Bien sûr ! C’est un hommage à Christian Vander, à la langue qu’il a créée -le kobaïen- et un hommage à son groupe précurseur et génial qui a été énormément influencé. Magma ont été les premiers à mettre ce tréma qu’ont utilisé par la suite des groupes comme Mötley Crüe, Motörhead…
« Symphönïk Kömmandöh » est un clin d’œil qui sonnait bien… Je l’ai proposé aux membres du groupe et ils ont tous trouvé ça génial !


Tu parles de membre, quel est la part de Laurent dans cet album ?

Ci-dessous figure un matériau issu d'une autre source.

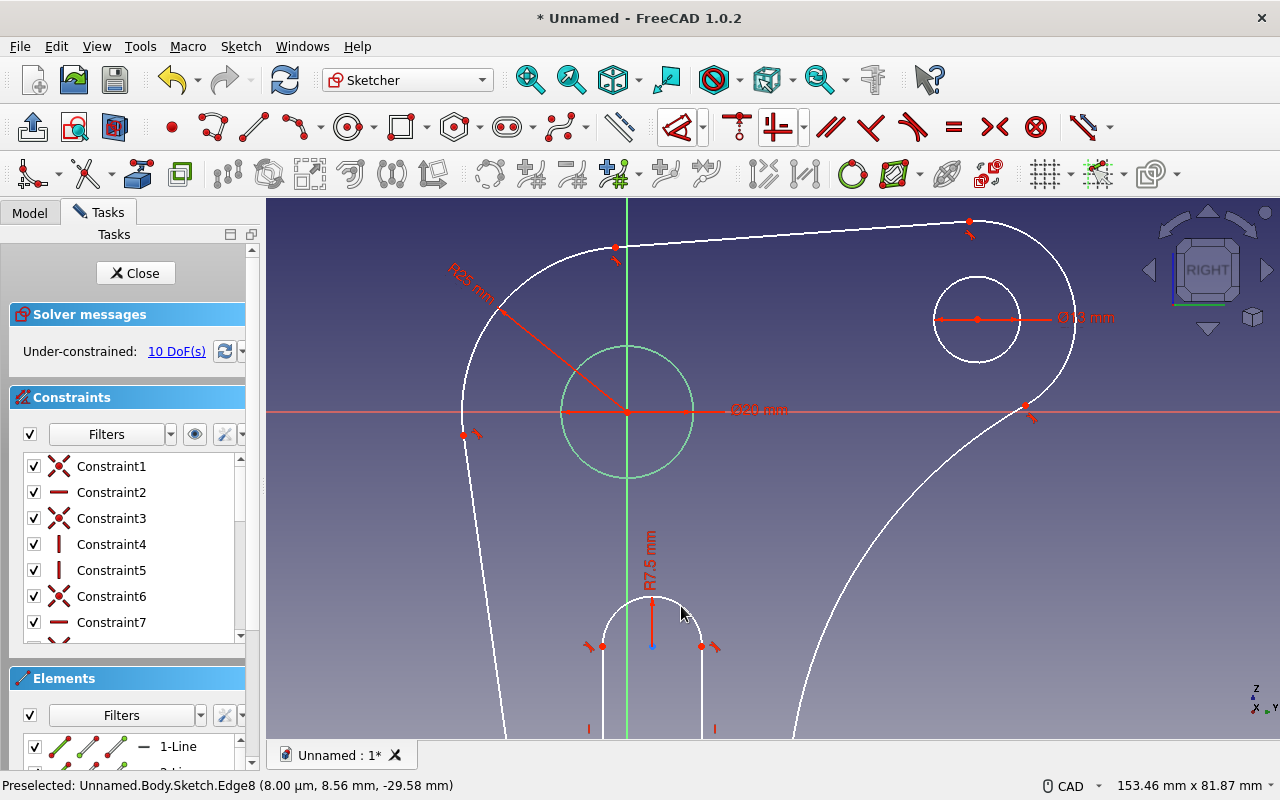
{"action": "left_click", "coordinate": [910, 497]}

Il s’est très peu investi sur cet album.


Ce qui est cohérent quelque part…


Totalement parce que c’est un best-of et quelque part, je n’avais pas besoin d’un coproducteur sur cet album du fait que le coproducteur de cet album est Florent Gauthier qui s’est occupé de gérer intégralement l’enregistrement et la production de l’orchestre symphonique. Laurent, je n’allais pas le faire chier financièrement pour qu’il s’investisse dans l’album mais il est présent, il m’a encore envoyé un message hier…


Le cinquième membre du groupe me parle déjà d’un album sur la fracture sociale et je me dis que ça va sonner Trust mais Trust existe déjà !


Donc on peut d’ores et déjà se donner rendez-vous avec lui pour évoquer le prochain album Satan Jokers mais la question de l’addiction…

Je vais répondre à ta question avant même d’entendre la fin de ta question… Ça fait des années que je dis qu’il faut qu’on arrête et à chaque fois Karila me rattrape au vol en me disant qu’il a une idée pour le prochain.
Le problème est là : pour moi, il faudrait qu’on arrête là en héros et puis, je ne me vois pas gueuler à 60 piges comme je le fais encore… Mais le cinquième membre du groupe me parle déjà d’un album sur la fracture sociale et je me dis que ça va sonner Trust mais Trust existe déjà !


Il existe déjà mais au moment où Satan Jokers sonne plus contemporain que jamais…

… merci !





… cet album ne pourrait-il pas être l’album contemporain que nous aurions voulu entendre de Trust ?

Oui, c’est vrai !


Bref, on loue encore Laurent Karila qu’on croise souvent en interview pour maintenir Satan Jokers sous perfusion…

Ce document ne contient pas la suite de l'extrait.